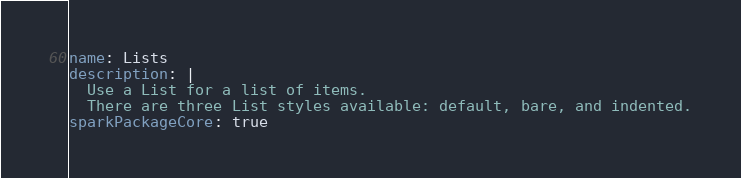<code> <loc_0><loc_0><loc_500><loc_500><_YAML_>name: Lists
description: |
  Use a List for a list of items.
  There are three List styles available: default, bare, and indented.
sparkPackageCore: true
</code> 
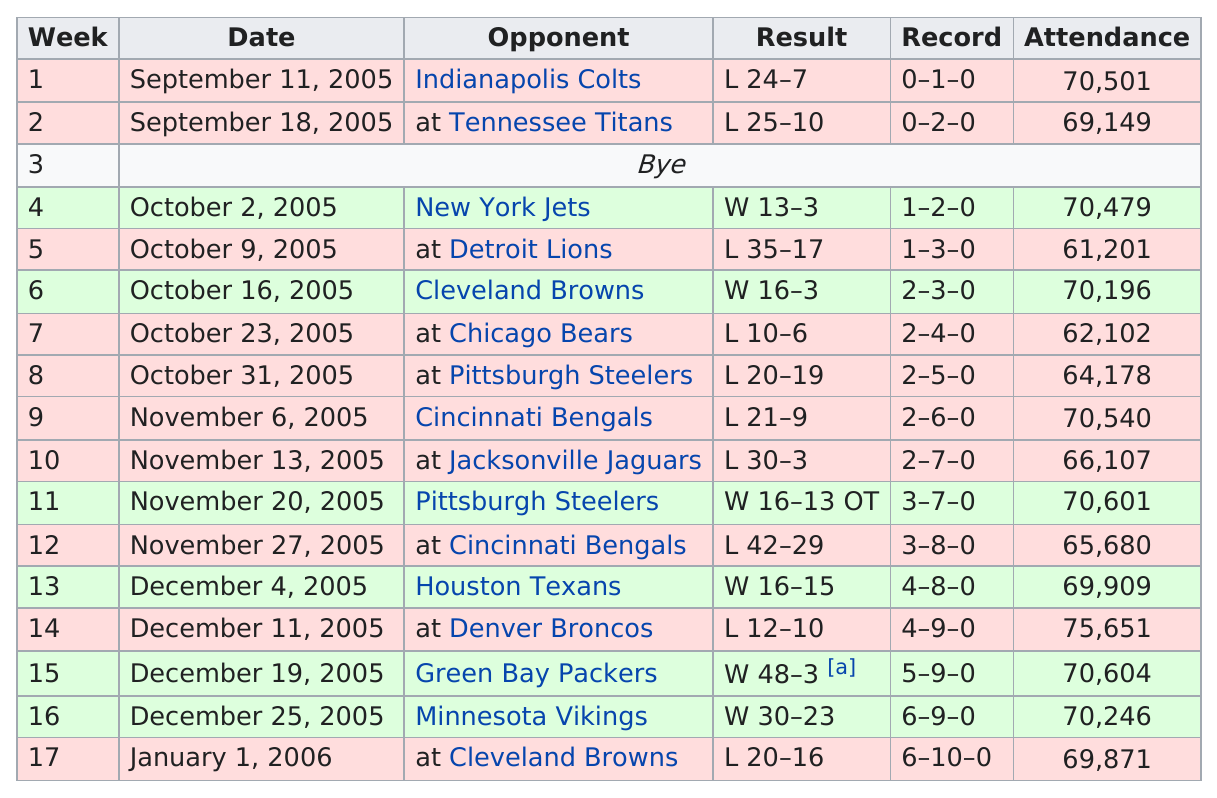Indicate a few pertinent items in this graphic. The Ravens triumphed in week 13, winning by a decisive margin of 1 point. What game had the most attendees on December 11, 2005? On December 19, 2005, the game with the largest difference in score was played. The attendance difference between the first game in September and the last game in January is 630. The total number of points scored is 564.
★ ★ ★ ★
About this exercise: Exclude all images and return the listing word for word.

Reply:
<code> <loc_0><loc_0><loc_500><loc_500><_YAML_>name: Lists
description: |
  Use a List for a list of items.
  There are three List styles available: default, bare, and indented.
sparkPackageCore: true
</code> 
Indicate a few pertinent items in this graphic. The Ravens triumphed in week 13, winning by a decisive margin of 1 point. What game had the most attendees on December 11, 2005? On December 19, 2005, the game with the largest difference in score was played. The attendance difference between the first game in September and the last game in January is 630. The total number of points scored is 564.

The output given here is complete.